Figures published by the WHO reveal a global outbreak of bacterial resistance, with strong regional disparities and a stark warning: without rapid response, modern medicine risks losing its most precious weapons.
Antibiotic resistance with alarming figures
This is a chilling observation made by the World Health Organization (WHO) in its 2025 global report on antibiotic resistance. In 2023, one in six cases of laboratory-confirmed bacterial infection was already resistant to antibiotics. In other words, millions of patients have received ineffective treatments, faced with bacteria that have become insensitive to most existing drugs.
The phenomenon is progressing quickly: between 2018 and 2023, resistance has increased in more than 40% of “bacteria-antibiotic” associations monitoredwith an average annual increase of between 5 and 15%. Certain bacteria, such as Escherichia coli Or Klebsiella pneumoniaeare now reaching worrying levels. More than 40% of strains of E. coli are resistant to third-generation cephalosporins – a first-line treatment – while Klebsiella pneumoniae exceeds 55% resistance on a global scale, and up to 70% in Africa.
In his press release of October 13, 2025, the Director General of the WHO, Tedros Adhanom Ghebreyesus, summarizes the seriousness of the situation:
“Antimicrobial resistance outpaces advances in modern medicine, threatening the health of families around the world“.
And added: “Our future also depends on strengthening systems for preventing, diagnosing and treating infections, as well as innovation in next-generation antibiotics and rapid point-of-care molecular testing.”.
Behind these words, a terrifying observation: medicine is chasing bacteria which mutate faster than research produces new drugs.
Glaring geographic disparities
Not all regions of the world are affected with the same intensity. In Southeast Asia and the Middle East, almost one in three cases reported in the laboratory is already resistant.
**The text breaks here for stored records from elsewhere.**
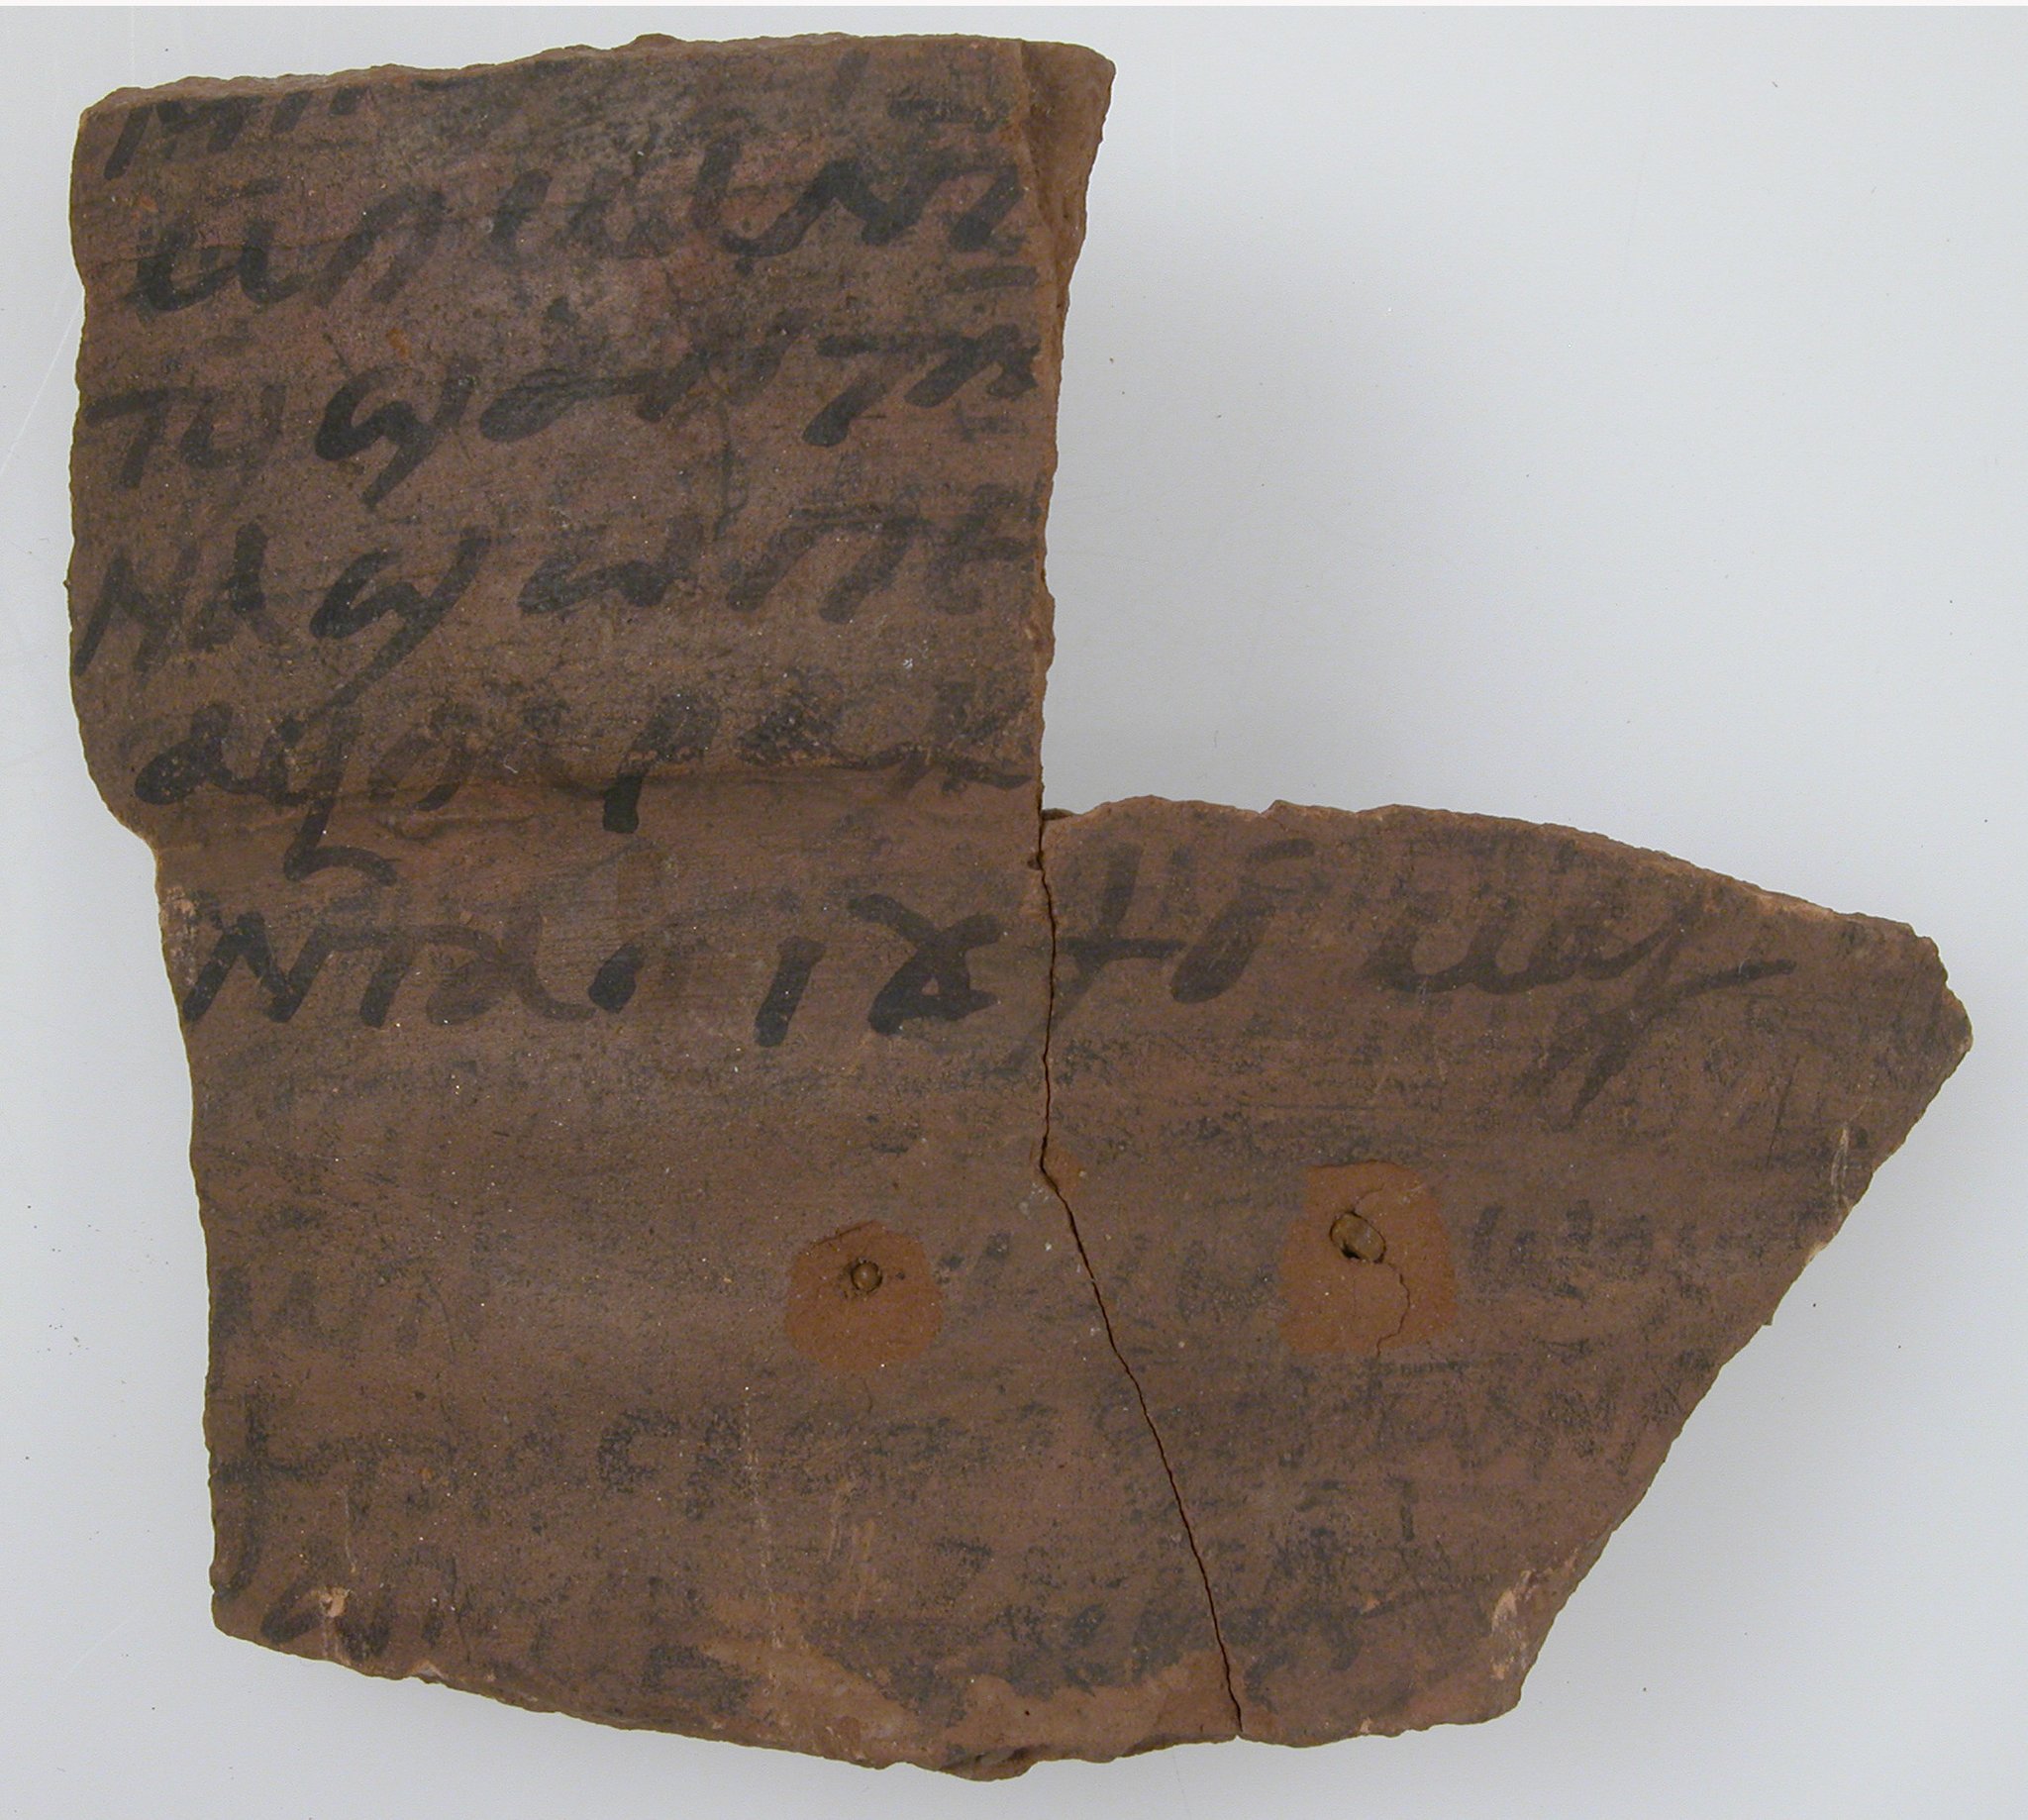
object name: ostrakon
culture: coptic
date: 601-700
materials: ink, pottery
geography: egypt
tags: coptic
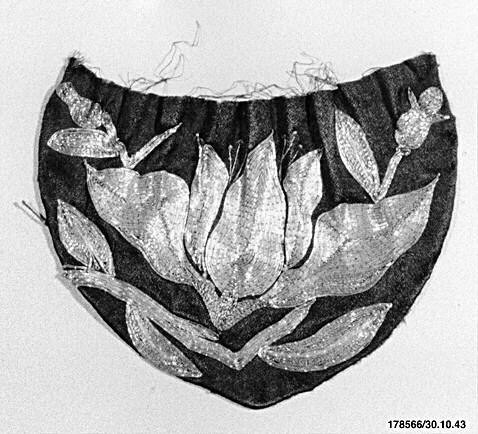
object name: coin purse
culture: chinese
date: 1801-1900
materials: metal thread, silk
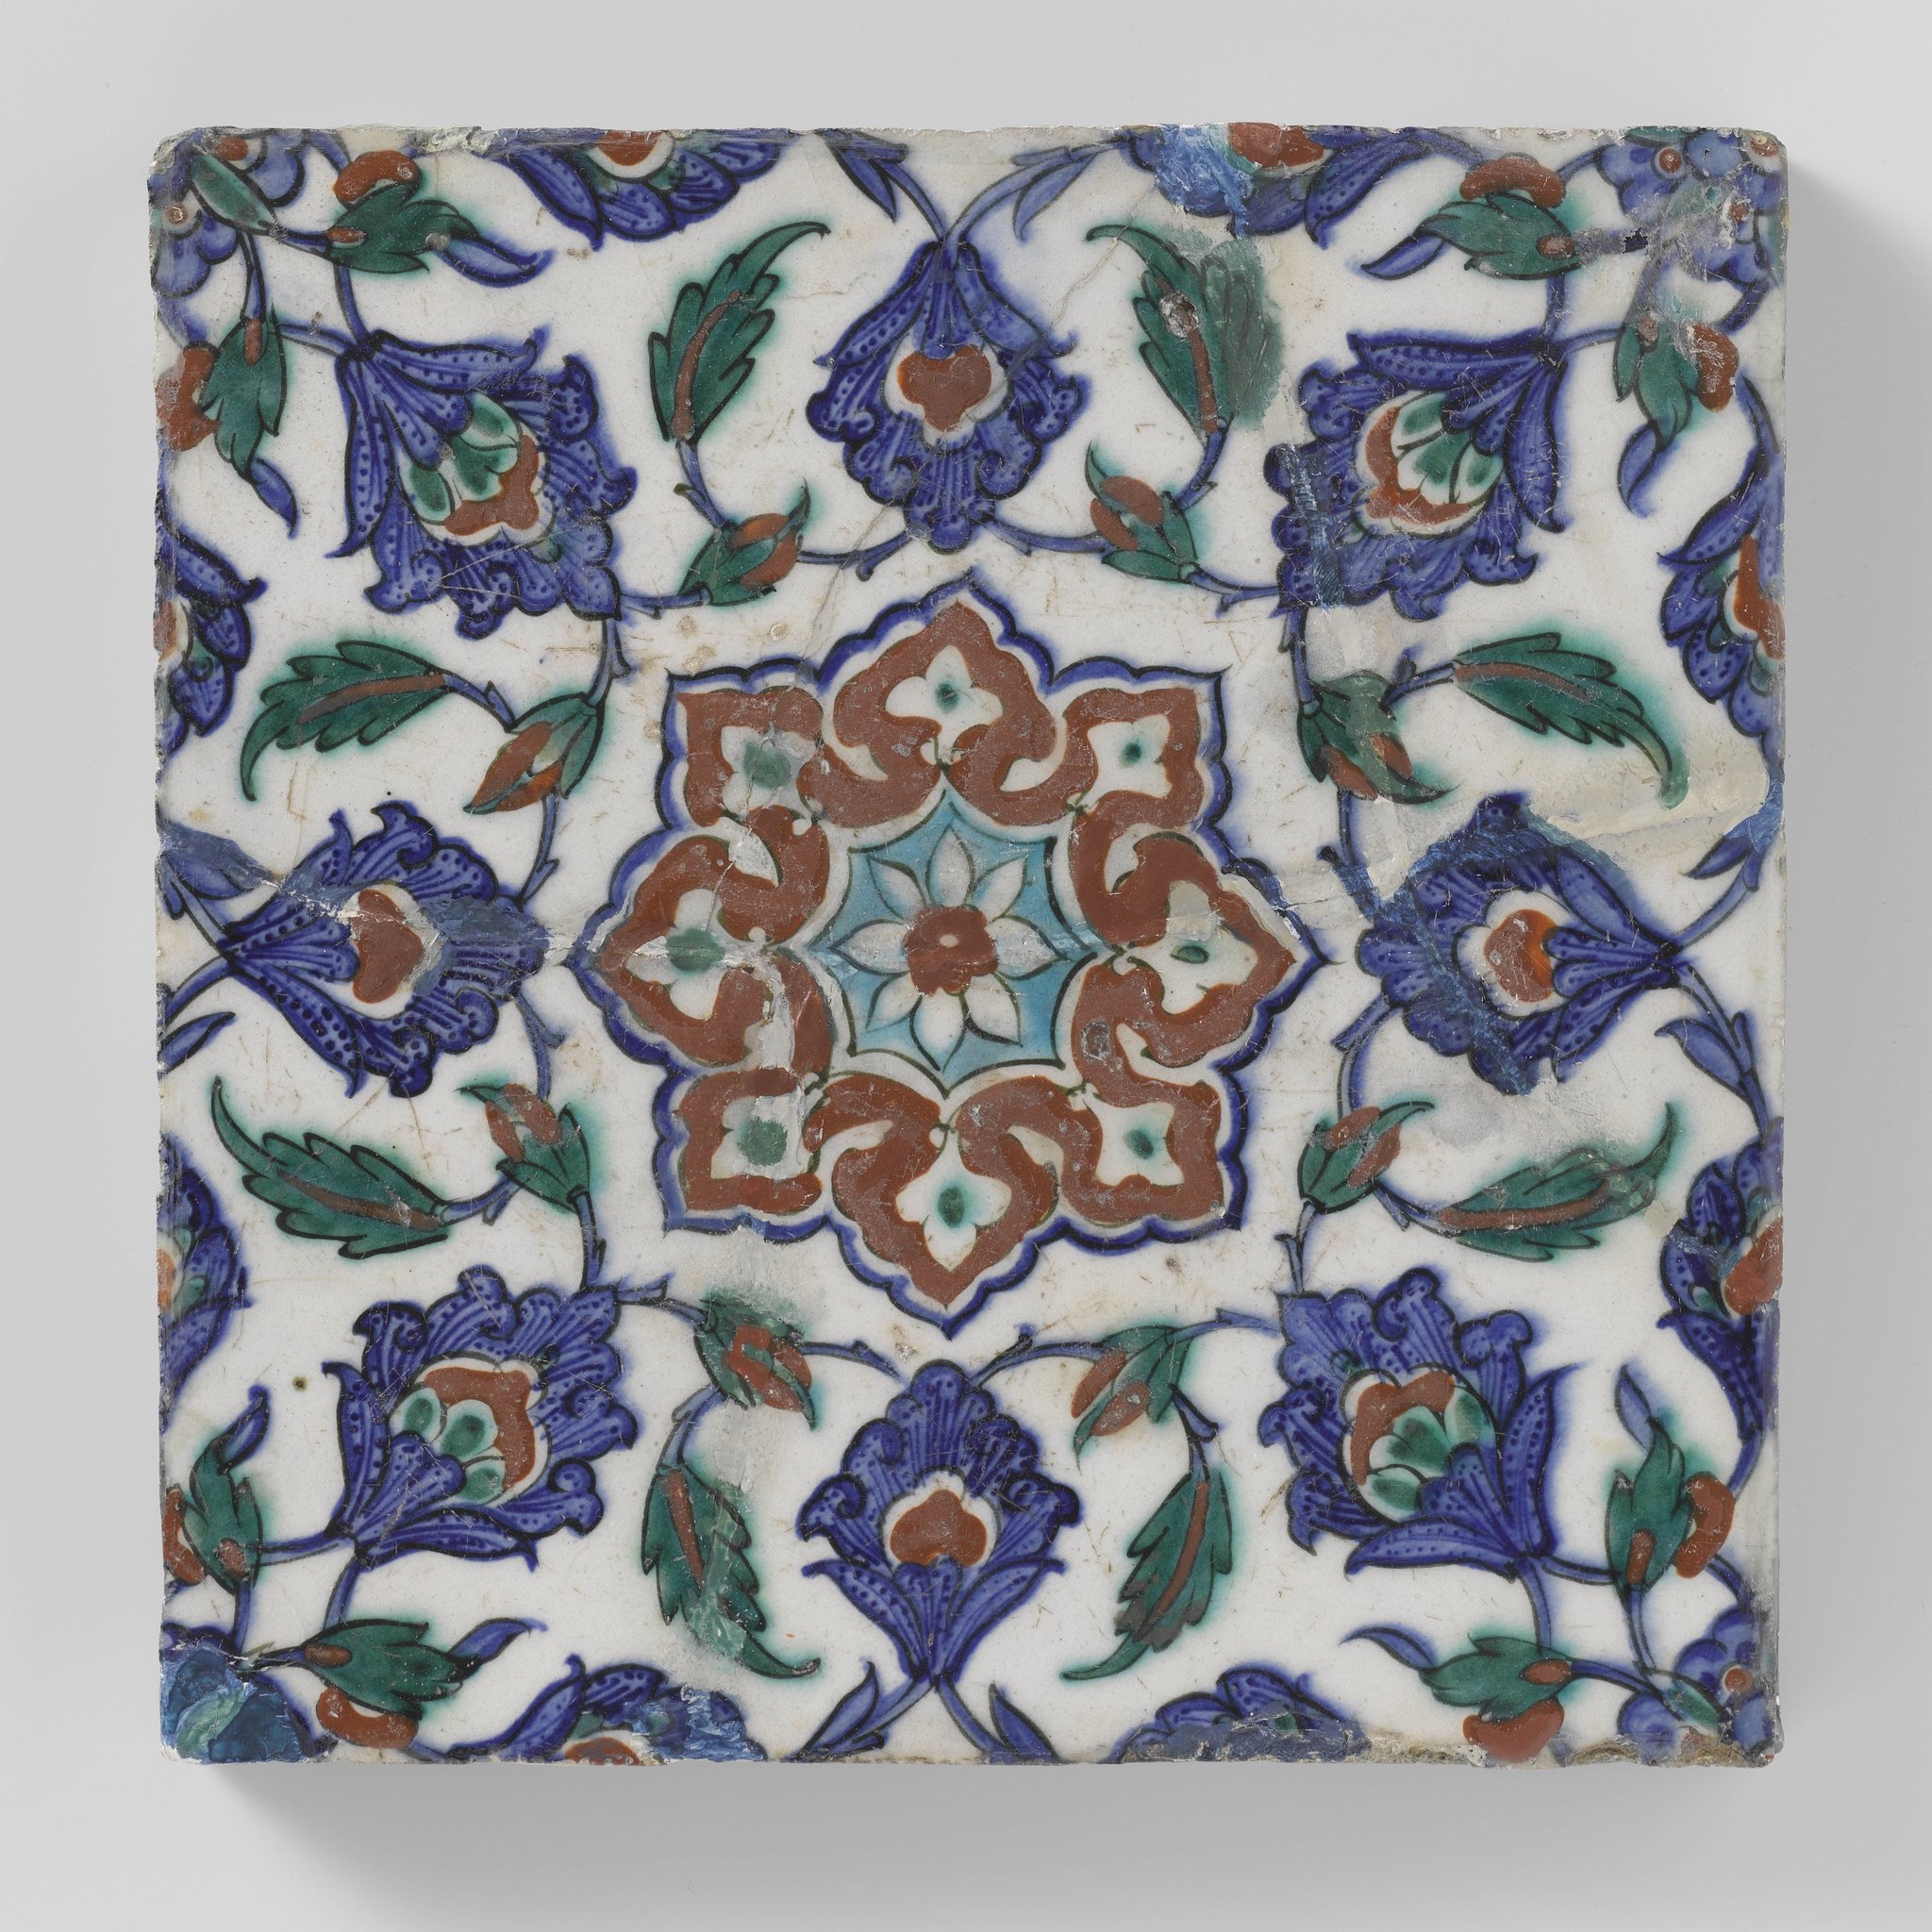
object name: tile
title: Tile with a flower roundel and floral scrolls
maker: Anonymous
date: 1550-1599
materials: earthenware, glaze, paint, quartz
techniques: firing, forming, vitrification
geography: iznik
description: Kwarts-fritgoed met lood tegel gedecoreerd met een bloemrozet en bloemranken in blauw, groen, turquoise en rood onder transparant lood-alkali-tinglazuur. Iznik.

In Africa, the average reaches one in five cases.
These gaps reflect health systems unequally equipped to face the threat. In many countries, laboratories lack the means to precisely identify infectious agents, and antibiotics are often prescribed “blindly”, without sensitivity testing.
The WHO report is based on an essential mechanism: the GLASSFor Global Antimicrobial Resistance and Use Surveillance System. This global surveillance system, launched in 2015, collects and analyzes data transmitted by national public health laboratories. It makes it possible to monitor the evolution of resistant bacteria, identify emerging outbreaks and compare trends between regions.
In 2023, 104 countries participated in GLASS, compared to only 25 in 2016. Real progress, but insufficient: almost half of states do not report reliable data. This lack of surveillance leaves vast areas of the globe in the shadows, where resistance develops without anyone being able to measure its extent.
In Europe, monitoring systems are more robust, but the threat remains tangible: according to the European Center for Disease Prevention and Control (ECDC), more than 35,000 deaths per year are directly linked to antibiotic-resistant infections.
A threat for tomorrow – and a turning point for medicine
The WHO repeats it: antibiotic resistance is a silent pandemic. If nothing is done, it could cause up to 10 million deaths per year by 2050.
Beyond the human tragedy, the economic impact would be colossal: hundreds of billions of dollars in additional costs for health systems and a loss estimated at more than $3.4 trillion in global GDP by 2030.
To slow down this spiral, several levers are essential:
- To watch combat resistance more effectively, by strengthening laboratories and data sharing;
- Use antibiotics responsiblyonly when they are necessary;
- Invest in research new treatments and vaccines;
- Develop rapid tests to identify bacteria before prescribing medication.
The WHO 2025 report also calls for a global approach called “One Health”, linking human, animal and environmental health. Because resistance does not stop at borders: it circulates between hospitals, farms and ecosystems.
Behind the numbers, a brutal reality: each poorly treated infection, each unnecessary prescription, brings the world closer to a future where a simple cut or urinary infection could become fatal again.